This is probably the wrong approach, but I can tell you what I have been doing without having thought it out first. I'm doing a lot of old negro spirituals in church now each week. I have to make up songsheets for the people, to use, too.

I do not go and consciously white-up or standardize the dialect when the version I have wanted to learn was in dialect. I have, tho, let the melody sink in and let it draw me into wanting to sing the piece, and then once it comes out of my mouth, that's my version, and I may add or change or re-order some verses, too, as I make up the songsheet the day we will introduce the piece in church.

And since you have asked, and I am thinking about what I have actually been doing, I see that what I am doing, regardless of the degree of dialect present when I first encouter the song, is putting the lyric into vernacular-- but MINE.

So I might, for instance, come across something I want to learn, that's full of "gwine"s.
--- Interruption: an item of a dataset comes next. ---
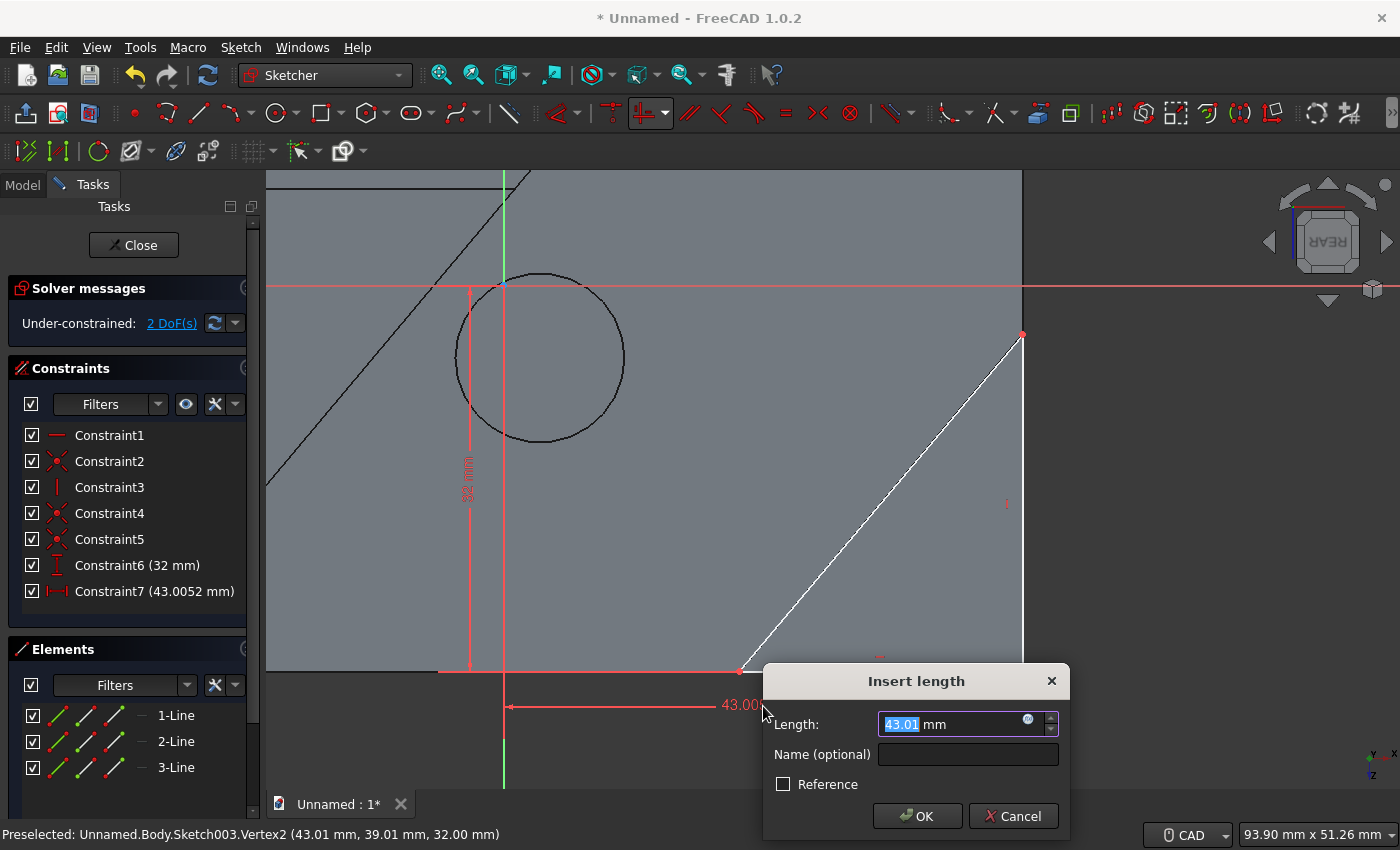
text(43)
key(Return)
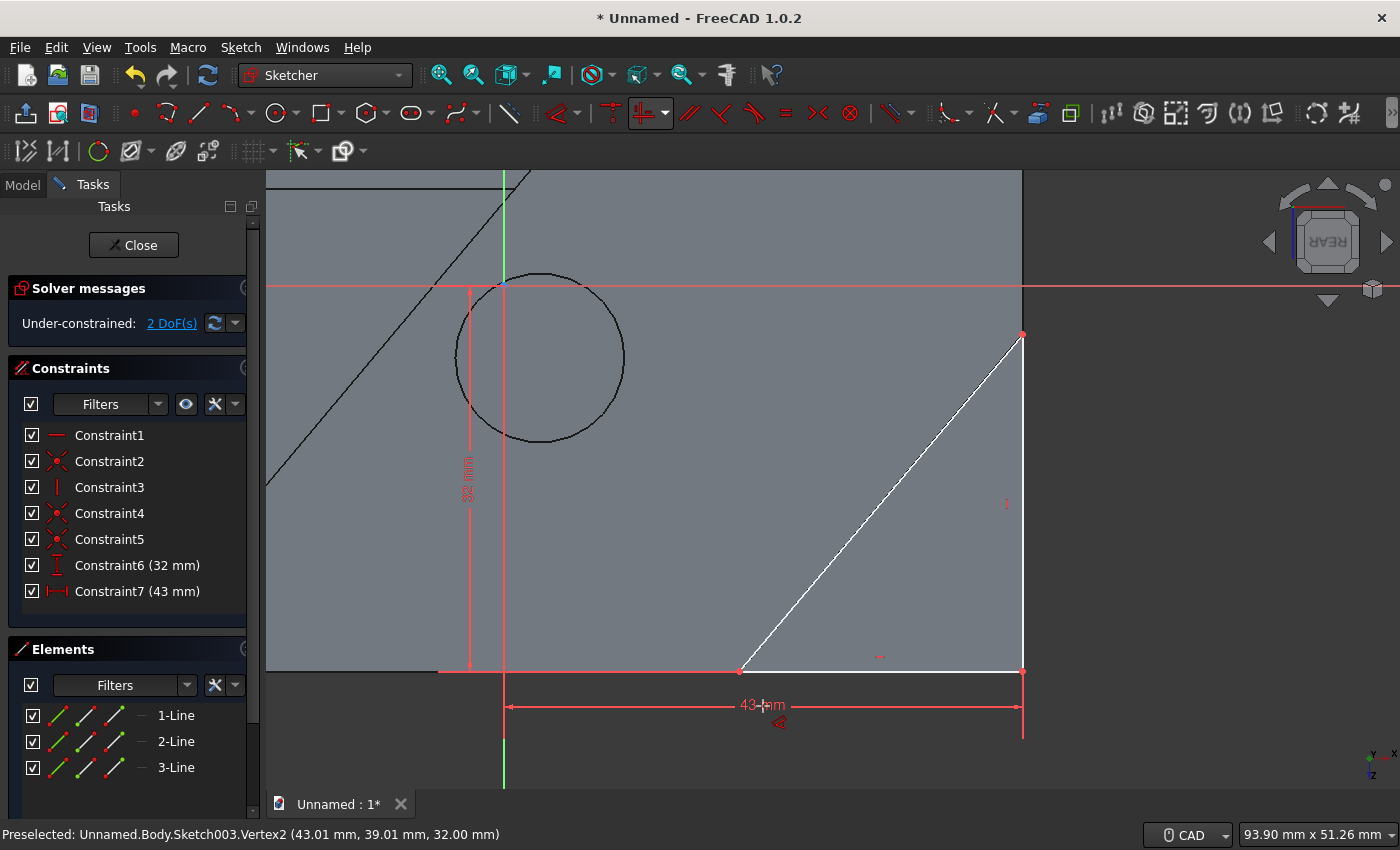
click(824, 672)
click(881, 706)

But I don't talk that way-- or think that way-- and neither do I say "Go-innnggG." When I talk, I usually say "Go-in'" or "Gonna." So when the song becomes mine, it acquires that tone. And it reflects every piece that I have ever heard or sung, cuz they are all in there somewhere.

I probably sing differently now than I did a year ago, for example, just because I spent a fair amount of the year hearing the pure form and then singing my form of southern gospel. This year's learning-project is the spirituals, and I am sure that by this time next year, they will have colored my expression further.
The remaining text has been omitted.